CAS Key Laboratory of Nanosystem and Hierarchical Fabrication, CAS Center for Excellence in Nanoscience , National Center for Nanoscience and Technology , Beijing 100190 , People's Public of China.
Shenzhen Key Laboratory of Flexible Memory Materials and Devices, College of Electronic Science and Technology , Shenzhen University , Shenzhen , Guangdong 518060 , People's Public of China.
Nano Lett. 2018 Nov 14;18(11):6665-6671. doi: 10.1021/acs.nanolett.8b01001. Epub 2018 Oct 17.

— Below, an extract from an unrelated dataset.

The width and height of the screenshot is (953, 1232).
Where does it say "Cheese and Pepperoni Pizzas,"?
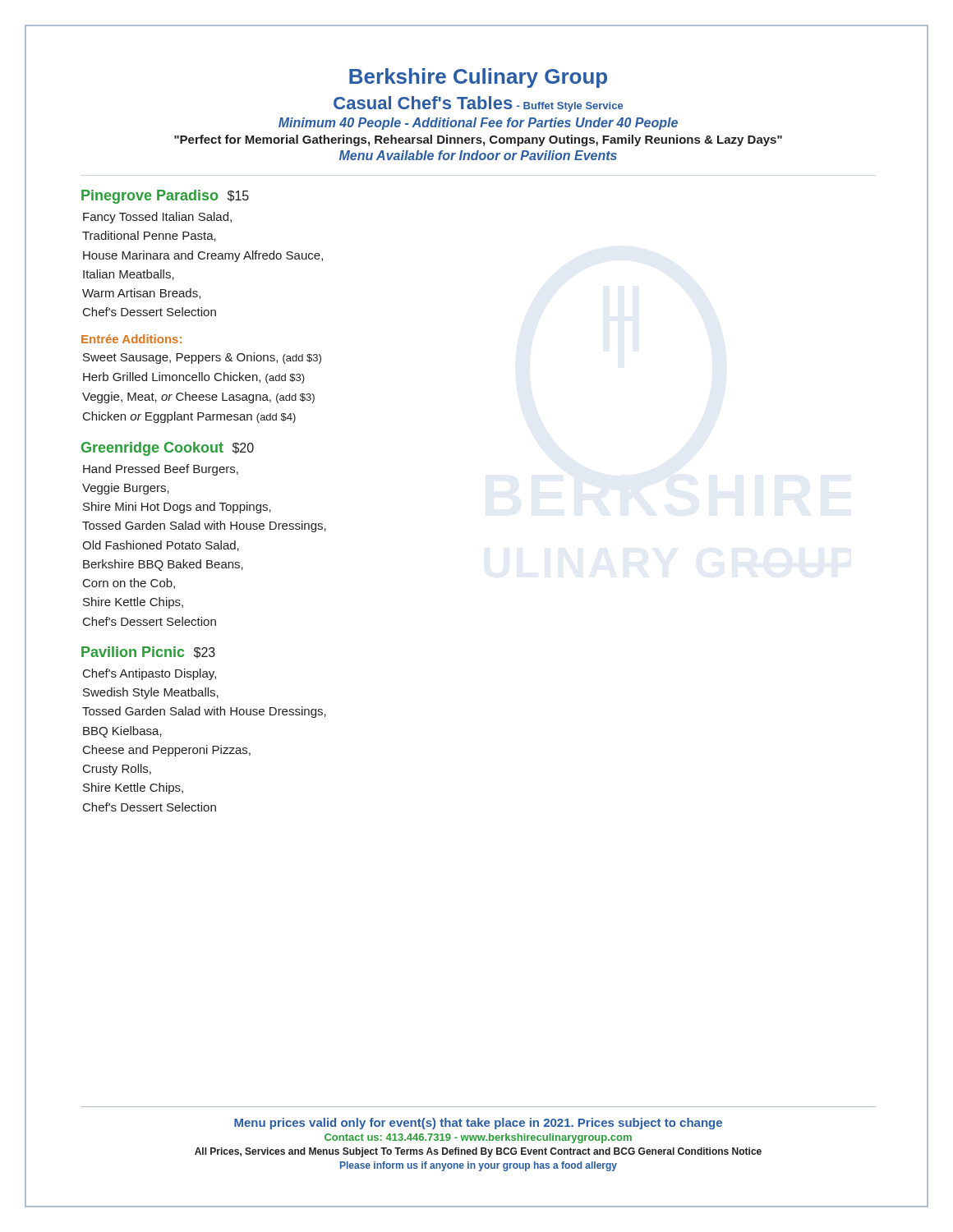(167, 749)

Nanocrystals (NCs) with identical components and sizes but different crystal structures could not be distinguished by conventional absorption and emission spectra. Herein, we find that circular dichroism (CD) spectroscopy can easily distinguish the CdSe nanoplatelets (NPLs) with different crystal structures of wurtzite (WZ) and zincblende (ZB) with the help of chiral l- or d-cysteine ligands. In particular, the CD signs of the first excitonic transitions in WZ and ZB NPLs capped by the same chiral cysteine are opposite. Theoretic calculation supports the viewpoint of different crystal structures and surfaces arrangements between WZ and ZB NPLs contributing to this significant phenomenon. The CD peaks appearing at the first excitonic transition band of WZ or ZB CdSe NPLs are clearly assigned to the different transition polarizations along 4p → 5s or 4p → 5s. This work not only provides a deep insight into the origin of the optical activity inside chiral semiconductor nanomaterials but also proposes the design principle of chiral semiconductor nanocrystals with high optic activity.
具有相同成分和尺寸但晶体结构不同的纳米晶体 (NCs) 无法通过传统的吸收和发射光谱区分。在此,我们发现圆二色性 (CD) 光谱在手性 l-或 d-半胱氨酸配体的帮助下可以轻松区分具有不同晶体结构的纤锌矿 (WZ) 和闪锌矿 (ZB) 的 CdSe 纳米板 (NPL)。特别是,由相同手性半胱氨酸封端的 WZ 和 ZB NPL 中第一激子跃迁的 CD 符号相反。理论计算支持 WZ 和 ZB NPL 之间不同晶体结构和表面排列导致这一显著现象的观点。出现在 WZ 或 ZB CdSe NPL 第一激子跃迁带的 CD 峰明显归因于沿 4p→5s 或 4p→5s 的不同跃迁极化。这项工作不仅深入了解手性半导体纳米材料内部光学活性的起源,还提出了具有高光学活性的手性半导体纳米晶体的设计原则。